BO_result = skopt.load('BO_result')

# Print the found best accuracy
print('Bestf found accuracy:', -BO_result.fun)
print('-----------------------------------------------')
# Print the corresponding hyperparameter values
print('Hyperparameter values:', BO_result.x)
print('-----------------------------------------------')
print('Corresponding to:','\n',
      'Features at each decision tree node:', BO_result.x[0],'\n',
      'Number of decision trees in the Random forest:', BO_result.x[1],'\n',
      'Maximal depth of each decision tree:', BO_result.x[2],'\n',)

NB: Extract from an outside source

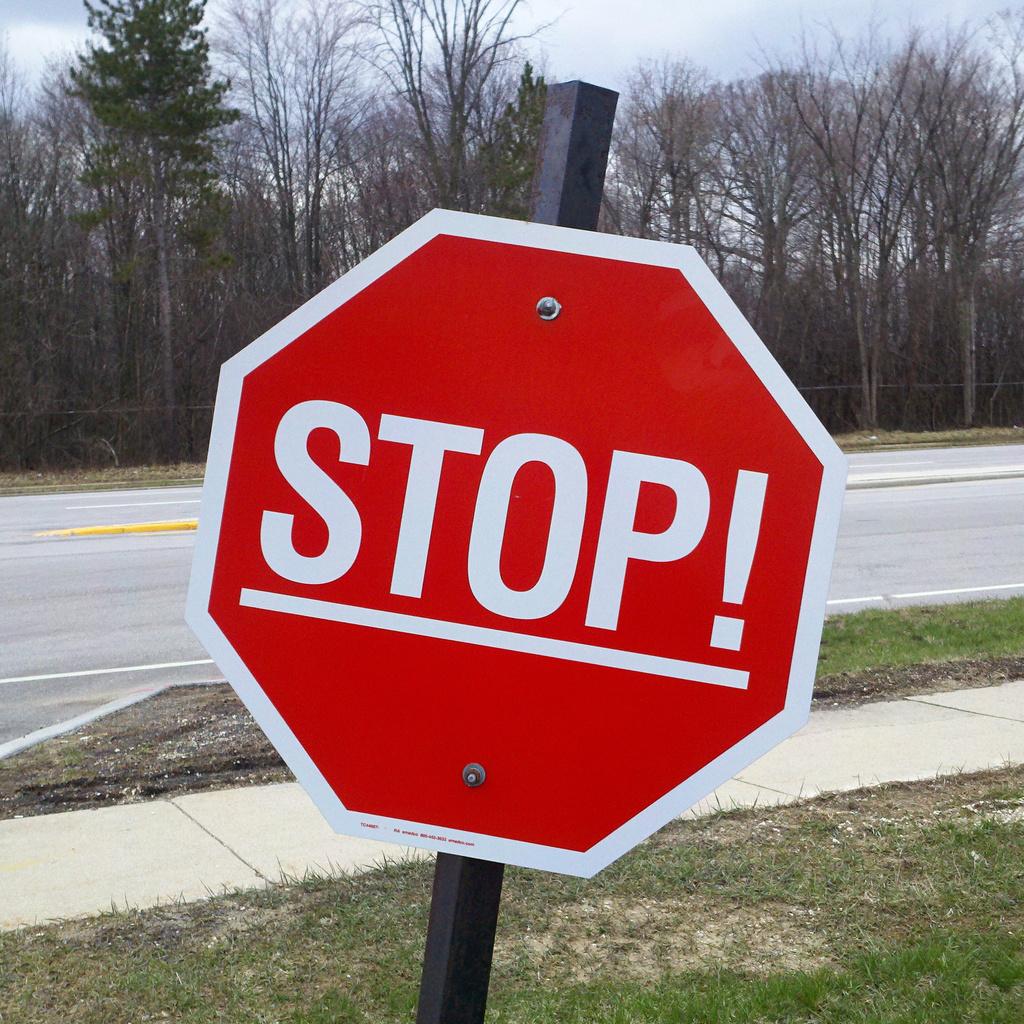What direction is the sign giving?
Offer a terse response. Stop. What word in underlined on the sign?
Your response must be concise. Stop.

Bestf found accuracy: 0.6876543209876542
-----------------------------------------------
Hyperparameter values: [7, 5854, 32]
-----------------------------------------------
Corresponding to: 
 Features at each decision tree node: 7 
 Number of decision trees in the Random forest: 5854 
 Maximal depth of each decision tree: 32 



### Examine the predition accuracy for each transition using the never-seen test set

In [6]:
# Use the confusion_matrix, which tells the numbers of true positive, false position, false negative and true negative.
from sklearn.metrics import confusion_matrix

# Train the Random forest using all the training data set with the found hyperparameters
RSs = RandomForestClassifier(n_estimators=5854,max_features=7,max_depth=32).fit(X_train_auto, Y_train_auto)

In [None]:
RSs.score(X_train_auto[test_index,:], Y_train_auto[test_index,:])

In [7]:
# Calculate the confusion matrix for each transition using the never-seen test set
transition_name = ['N2(1+)', 'N2(2+)', 'NO Gamma']
for _ in range(3):
    c_tn, c_fp, c_fn, c_tp = confusion_matrix(RSs.predict(X_test_auto)[:,_],
                                              Y_test_auto[:,_]).ravel()
    print('For', transition_name[_], ':')
    print('TN:',c_tn,'FP:', c_fp,'FN:', c_fn,'TP:', c_tp)

For N2(1+) :
TN: 45 FP: 17 FN: 9 TP: 109
For N2(2+) :
TN: 54 FP: 18 FN: 4 TP: 104
For NO Gamma :
TN: 46 FP: 8 FN: 8 TP: 118


In [37]:
# Overall, the accuracy for each transition is high.
# It is noticeable that the accuracies of N2(1+) and N2(2+) are lower than that of NO Gamma.
# The reason is that in some OES simulations, the concentration of NO is unusually high.
# While the NO Gamma transition is extremely strong, making the transitions of N2(1+) and N2(2+) unrecognisable.